Python Beautifulsoup，获取href标签，在一个标签中

Question

i had problem with getting href tag, so my case like this, this is the html file:我在获取href标签时遇到了问题，所以我的情况是这样的，这是html文件：

<div class="list-product with-sidebar">
 <a class="frame-item" href="./produk-a.html" target="_blank" title="Produk A">

 </a>
 <a class="frame-item" href="./produk-b.html" target="_blank" title="Produk B">

 </a>
</div>

so here my code所以这里是我的代码

    def get_category_item_list(category):
        base_url = 'https://www.website.com/'
        res = session.get(base_url+category)
        res = BeautifulSoup(res.content, 'html.parser')
        all_title = res.findAll('a', attrs={'class':'frame-item'})
        data_titles = []
        for title in all_title:
            product_link = title.get('a')['href']
            data_titles.append(product_link)
        return data_titles

what i want to get is, href links.. like this我想得到的是， href链接..像这样

produk-a.html
produk-b.html

when i try to run it.. it wont let me get link on href , they give error code:当我尝试运行它时..它不会让我获得href上的链接，它们会给出错误代码：

TypeError: 'NoneType' object is not subscriptable

Answer 1

I believe that your problem lies in this line:我相信你的问题在于这一行：

product_link = title.get('a')['href']

You already have a list of "a" elements, so you probably just need:您已经有一个“a”元素列表，因此您可能只需要：

product_link = title['href']

Answer 2

You didn't share with us the website, so one problem might be that the website block User Agents that looks like a bot (requests's user agent).您没有与我们共享该网站，因此一个问题可能是该网站阻止了看起来像机器人的用户代理（请求的用户代理）。 Debugging may help here, you can print the content of the page with resp.content/text .调试可能会有所帮助，您可以使用resp.content/text打印页面的内容。

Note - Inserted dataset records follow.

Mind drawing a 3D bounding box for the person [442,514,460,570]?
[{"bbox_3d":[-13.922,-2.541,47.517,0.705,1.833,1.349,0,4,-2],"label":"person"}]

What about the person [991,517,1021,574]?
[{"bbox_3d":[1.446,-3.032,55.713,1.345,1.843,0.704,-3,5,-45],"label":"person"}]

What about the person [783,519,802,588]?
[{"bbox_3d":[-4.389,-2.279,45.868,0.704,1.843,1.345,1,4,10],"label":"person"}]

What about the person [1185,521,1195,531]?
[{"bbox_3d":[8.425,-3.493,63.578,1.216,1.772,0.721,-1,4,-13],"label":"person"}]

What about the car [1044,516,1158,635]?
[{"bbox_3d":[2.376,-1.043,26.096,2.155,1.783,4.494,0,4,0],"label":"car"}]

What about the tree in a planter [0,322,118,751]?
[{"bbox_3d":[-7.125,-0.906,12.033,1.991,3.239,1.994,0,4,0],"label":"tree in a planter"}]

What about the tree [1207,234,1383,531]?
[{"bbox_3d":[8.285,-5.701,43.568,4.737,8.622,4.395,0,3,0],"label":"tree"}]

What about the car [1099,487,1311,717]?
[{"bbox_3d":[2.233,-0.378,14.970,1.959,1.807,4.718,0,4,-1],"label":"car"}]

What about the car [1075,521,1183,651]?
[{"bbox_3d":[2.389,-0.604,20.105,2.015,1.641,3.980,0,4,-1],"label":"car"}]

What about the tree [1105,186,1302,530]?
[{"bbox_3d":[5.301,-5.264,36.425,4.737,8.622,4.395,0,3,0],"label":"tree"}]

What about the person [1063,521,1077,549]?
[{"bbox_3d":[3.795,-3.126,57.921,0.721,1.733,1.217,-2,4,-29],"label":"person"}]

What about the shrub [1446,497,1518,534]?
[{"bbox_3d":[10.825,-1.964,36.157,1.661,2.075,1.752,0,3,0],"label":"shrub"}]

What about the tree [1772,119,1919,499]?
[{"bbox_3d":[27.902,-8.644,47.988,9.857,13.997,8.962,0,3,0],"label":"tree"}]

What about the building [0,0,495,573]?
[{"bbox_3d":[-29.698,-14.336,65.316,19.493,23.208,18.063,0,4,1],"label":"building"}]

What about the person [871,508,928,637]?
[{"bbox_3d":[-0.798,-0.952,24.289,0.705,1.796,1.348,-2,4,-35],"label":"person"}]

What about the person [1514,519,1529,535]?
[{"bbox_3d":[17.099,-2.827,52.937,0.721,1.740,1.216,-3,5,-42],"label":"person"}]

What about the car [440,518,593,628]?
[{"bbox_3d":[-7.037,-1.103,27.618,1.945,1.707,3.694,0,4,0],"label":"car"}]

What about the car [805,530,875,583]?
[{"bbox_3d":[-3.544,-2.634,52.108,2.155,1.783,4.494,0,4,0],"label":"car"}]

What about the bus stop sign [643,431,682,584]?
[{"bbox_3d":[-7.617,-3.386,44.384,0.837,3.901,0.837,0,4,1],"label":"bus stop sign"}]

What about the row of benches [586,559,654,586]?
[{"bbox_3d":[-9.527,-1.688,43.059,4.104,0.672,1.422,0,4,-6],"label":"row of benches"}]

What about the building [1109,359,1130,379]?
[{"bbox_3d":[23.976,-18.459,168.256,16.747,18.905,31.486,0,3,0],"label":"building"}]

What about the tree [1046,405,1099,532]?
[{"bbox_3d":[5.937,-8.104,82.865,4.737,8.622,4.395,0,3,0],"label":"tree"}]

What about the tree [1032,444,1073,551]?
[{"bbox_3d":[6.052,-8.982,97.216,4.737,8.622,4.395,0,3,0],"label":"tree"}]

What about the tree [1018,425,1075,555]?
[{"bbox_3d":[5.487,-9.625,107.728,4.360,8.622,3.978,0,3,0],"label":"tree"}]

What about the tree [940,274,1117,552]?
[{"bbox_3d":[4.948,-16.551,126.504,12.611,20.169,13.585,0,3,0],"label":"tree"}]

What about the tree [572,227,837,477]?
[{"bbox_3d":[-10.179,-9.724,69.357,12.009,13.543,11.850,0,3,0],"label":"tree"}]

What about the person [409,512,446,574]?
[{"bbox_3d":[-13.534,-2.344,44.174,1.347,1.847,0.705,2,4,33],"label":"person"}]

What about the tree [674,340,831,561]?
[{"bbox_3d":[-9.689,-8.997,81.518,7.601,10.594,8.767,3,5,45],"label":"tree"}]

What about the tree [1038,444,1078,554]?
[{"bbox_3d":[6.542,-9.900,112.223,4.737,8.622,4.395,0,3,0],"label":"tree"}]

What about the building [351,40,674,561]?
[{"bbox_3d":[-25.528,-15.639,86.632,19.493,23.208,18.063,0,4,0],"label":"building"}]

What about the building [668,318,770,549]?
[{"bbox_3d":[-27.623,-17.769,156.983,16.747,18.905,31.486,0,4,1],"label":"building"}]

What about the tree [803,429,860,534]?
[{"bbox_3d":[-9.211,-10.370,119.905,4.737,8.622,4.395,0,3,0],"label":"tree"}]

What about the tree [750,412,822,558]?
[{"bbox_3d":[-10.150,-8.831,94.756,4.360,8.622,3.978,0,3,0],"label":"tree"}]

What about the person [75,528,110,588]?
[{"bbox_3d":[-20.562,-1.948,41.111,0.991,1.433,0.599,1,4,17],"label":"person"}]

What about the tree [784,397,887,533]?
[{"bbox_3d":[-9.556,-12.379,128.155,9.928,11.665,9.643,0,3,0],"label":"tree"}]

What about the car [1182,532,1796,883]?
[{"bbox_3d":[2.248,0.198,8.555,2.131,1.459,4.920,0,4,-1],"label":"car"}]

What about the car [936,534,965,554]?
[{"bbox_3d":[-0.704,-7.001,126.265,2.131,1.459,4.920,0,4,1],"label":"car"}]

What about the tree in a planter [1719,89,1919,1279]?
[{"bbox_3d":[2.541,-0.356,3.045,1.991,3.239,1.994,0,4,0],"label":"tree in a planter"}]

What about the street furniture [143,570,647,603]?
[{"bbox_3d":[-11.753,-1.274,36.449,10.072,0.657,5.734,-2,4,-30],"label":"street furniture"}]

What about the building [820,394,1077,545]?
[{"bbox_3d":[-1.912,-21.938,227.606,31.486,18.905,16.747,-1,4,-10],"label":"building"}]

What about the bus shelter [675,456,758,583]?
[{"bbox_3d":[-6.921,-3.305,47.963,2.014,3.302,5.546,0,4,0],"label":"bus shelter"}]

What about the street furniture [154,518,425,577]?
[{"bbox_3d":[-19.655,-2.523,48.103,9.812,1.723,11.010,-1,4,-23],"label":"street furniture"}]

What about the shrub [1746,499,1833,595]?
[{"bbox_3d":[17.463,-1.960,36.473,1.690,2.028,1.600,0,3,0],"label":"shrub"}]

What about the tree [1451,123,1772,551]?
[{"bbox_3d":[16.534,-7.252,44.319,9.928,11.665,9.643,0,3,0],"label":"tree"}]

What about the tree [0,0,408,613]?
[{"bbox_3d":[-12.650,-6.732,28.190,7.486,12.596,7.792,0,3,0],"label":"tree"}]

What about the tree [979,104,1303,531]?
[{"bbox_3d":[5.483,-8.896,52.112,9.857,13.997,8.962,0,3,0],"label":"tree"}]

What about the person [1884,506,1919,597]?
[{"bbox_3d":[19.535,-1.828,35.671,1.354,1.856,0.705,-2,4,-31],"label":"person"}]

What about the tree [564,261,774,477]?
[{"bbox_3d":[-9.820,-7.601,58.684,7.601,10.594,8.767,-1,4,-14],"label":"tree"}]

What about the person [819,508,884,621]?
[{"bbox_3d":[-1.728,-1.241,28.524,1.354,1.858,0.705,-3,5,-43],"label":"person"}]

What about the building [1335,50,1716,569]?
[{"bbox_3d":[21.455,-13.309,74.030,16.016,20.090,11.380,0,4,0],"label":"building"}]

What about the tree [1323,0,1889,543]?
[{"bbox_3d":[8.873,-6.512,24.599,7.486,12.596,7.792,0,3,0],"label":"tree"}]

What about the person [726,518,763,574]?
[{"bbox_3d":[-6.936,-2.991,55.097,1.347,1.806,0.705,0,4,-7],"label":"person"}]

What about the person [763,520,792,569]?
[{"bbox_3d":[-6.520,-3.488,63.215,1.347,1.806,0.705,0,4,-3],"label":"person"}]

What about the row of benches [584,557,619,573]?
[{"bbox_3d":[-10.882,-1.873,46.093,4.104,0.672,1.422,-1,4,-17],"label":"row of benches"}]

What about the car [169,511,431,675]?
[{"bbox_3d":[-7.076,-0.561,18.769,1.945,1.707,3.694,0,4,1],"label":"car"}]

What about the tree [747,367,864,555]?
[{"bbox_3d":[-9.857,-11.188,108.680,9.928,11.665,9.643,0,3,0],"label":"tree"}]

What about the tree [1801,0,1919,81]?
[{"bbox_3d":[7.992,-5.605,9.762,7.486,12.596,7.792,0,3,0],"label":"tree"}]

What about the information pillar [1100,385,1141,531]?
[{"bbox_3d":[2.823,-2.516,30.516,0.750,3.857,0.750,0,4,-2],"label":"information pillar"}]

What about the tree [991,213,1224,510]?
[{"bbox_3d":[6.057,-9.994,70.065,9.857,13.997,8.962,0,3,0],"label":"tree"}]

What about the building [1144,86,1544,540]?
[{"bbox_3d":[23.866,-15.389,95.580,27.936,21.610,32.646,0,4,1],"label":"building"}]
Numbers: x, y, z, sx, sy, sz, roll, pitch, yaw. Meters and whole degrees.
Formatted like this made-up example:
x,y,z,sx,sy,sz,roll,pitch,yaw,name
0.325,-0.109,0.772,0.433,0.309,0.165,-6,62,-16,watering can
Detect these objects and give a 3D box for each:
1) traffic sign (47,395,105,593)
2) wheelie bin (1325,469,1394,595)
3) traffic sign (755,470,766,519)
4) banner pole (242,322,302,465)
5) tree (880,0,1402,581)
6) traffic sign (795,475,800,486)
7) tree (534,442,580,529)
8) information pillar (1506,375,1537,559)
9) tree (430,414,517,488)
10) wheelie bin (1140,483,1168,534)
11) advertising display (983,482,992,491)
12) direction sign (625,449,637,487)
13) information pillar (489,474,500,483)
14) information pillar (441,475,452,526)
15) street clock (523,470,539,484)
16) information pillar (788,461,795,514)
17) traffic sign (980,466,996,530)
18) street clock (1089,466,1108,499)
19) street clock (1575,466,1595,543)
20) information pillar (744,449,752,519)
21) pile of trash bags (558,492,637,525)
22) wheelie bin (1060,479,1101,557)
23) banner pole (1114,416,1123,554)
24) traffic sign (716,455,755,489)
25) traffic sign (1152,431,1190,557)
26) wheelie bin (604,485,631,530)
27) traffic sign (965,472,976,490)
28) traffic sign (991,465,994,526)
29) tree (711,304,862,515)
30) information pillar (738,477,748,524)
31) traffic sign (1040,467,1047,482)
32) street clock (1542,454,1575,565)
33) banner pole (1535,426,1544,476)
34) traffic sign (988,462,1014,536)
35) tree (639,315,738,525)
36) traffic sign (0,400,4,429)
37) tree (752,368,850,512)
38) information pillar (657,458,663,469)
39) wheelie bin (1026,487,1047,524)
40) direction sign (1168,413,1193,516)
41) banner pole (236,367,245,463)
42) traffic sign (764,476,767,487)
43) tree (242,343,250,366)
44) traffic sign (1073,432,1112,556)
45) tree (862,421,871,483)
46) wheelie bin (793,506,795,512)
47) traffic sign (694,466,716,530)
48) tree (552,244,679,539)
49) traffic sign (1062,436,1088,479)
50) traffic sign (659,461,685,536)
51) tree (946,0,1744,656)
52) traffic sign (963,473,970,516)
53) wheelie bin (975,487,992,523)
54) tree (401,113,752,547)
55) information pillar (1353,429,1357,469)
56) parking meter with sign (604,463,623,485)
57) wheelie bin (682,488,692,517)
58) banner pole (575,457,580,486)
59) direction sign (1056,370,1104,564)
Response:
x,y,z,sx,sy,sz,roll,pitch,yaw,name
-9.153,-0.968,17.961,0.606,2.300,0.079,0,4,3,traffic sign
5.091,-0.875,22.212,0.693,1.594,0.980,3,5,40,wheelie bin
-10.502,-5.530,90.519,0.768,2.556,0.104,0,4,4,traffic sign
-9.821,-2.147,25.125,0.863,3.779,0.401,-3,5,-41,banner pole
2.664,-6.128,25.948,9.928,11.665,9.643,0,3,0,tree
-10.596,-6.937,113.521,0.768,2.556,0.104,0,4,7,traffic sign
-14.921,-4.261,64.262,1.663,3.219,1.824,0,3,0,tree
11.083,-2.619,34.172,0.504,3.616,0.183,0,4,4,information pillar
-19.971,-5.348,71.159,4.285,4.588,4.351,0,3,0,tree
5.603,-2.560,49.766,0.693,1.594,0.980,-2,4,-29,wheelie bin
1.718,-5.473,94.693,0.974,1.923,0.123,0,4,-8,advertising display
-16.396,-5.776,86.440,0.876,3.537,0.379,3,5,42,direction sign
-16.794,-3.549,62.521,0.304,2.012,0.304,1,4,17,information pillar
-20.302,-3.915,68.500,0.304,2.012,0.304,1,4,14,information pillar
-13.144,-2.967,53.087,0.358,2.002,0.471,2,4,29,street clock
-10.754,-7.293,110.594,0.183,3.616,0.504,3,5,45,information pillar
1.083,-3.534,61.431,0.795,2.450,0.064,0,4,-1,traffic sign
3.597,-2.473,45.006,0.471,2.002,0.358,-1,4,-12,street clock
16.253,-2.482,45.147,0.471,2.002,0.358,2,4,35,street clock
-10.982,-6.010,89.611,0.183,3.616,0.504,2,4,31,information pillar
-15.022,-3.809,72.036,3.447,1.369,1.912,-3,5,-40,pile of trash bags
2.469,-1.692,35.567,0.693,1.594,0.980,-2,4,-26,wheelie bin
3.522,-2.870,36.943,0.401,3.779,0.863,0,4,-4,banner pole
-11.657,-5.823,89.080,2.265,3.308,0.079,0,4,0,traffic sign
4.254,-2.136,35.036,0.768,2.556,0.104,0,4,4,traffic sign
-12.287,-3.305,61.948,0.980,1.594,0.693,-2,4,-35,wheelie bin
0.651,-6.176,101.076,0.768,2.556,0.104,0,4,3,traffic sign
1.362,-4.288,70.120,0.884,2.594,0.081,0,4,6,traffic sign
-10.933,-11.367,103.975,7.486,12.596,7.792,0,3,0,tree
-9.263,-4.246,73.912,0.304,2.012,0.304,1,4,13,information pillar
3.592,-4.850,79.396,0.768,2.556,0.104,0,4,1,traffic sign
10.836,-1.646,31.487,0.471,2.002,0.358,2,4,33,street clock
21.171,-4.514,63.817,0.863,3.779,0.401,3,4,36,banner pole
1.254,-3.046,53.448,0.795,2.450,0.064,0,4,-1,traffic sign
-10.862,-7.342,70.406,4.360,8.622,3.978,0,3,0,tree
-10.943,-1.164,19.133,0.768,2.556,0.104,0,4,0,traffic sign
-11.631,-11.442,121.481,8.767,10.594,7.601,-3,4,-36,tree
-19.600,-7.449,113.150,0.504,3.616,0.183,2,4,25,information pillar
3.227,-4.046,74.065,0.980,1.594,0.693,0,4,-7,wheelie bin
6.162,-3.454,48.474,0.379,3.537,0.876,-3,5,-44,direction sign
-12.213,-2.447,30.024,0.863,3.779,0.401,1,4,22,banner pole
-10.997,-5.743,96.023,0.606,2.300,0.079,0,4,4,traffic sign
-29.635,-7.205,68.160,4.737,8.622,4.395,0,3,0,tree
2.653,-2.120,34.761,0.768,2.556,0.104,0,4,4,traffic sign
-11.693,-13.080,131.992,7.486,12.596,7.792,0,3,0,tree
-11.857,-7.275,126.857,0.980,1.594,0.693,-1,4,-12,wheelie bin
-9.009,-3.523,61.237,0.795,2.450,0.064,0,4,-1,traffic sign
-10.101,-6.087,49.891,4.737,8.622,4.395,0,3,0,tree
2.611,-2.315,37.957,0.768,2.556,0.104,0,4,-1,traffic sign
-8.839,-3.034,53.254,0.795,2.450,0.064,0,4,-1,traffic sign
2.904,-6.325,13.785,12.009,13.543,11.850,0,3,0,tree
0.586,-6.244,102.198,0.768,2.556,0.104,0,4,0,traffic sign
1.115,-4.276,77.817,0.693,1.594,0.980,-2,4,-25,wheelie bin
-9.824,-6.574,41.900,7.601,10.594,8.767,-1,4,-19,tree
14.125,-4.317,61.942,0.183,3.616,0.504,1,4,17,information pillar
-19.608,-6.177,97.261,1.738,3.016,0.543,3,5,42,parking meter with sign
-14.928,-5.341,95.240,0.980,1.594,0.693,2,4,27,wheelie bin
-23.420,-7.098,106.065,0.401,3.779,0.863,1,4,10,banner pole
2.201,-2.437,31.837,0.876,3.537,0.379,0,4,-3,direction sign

I created an HTML file called index.html and then I read the file and scrape it's content.我创建了一个名为index.html的 HTML 文件，然后我读取了该文件并抓取了它的内容。 I changed a little bit the code and it seems to be work fine.我稍微更改了代码，它似乎工作正常。

soup.find returns an <class 'bs4.element.Tag'> , so you can access it's attributes with attribute['a'] . soup.find返回一个<class 'bs4.element.Tag'> ，因此您可以使用attribute['a']访问它的属性。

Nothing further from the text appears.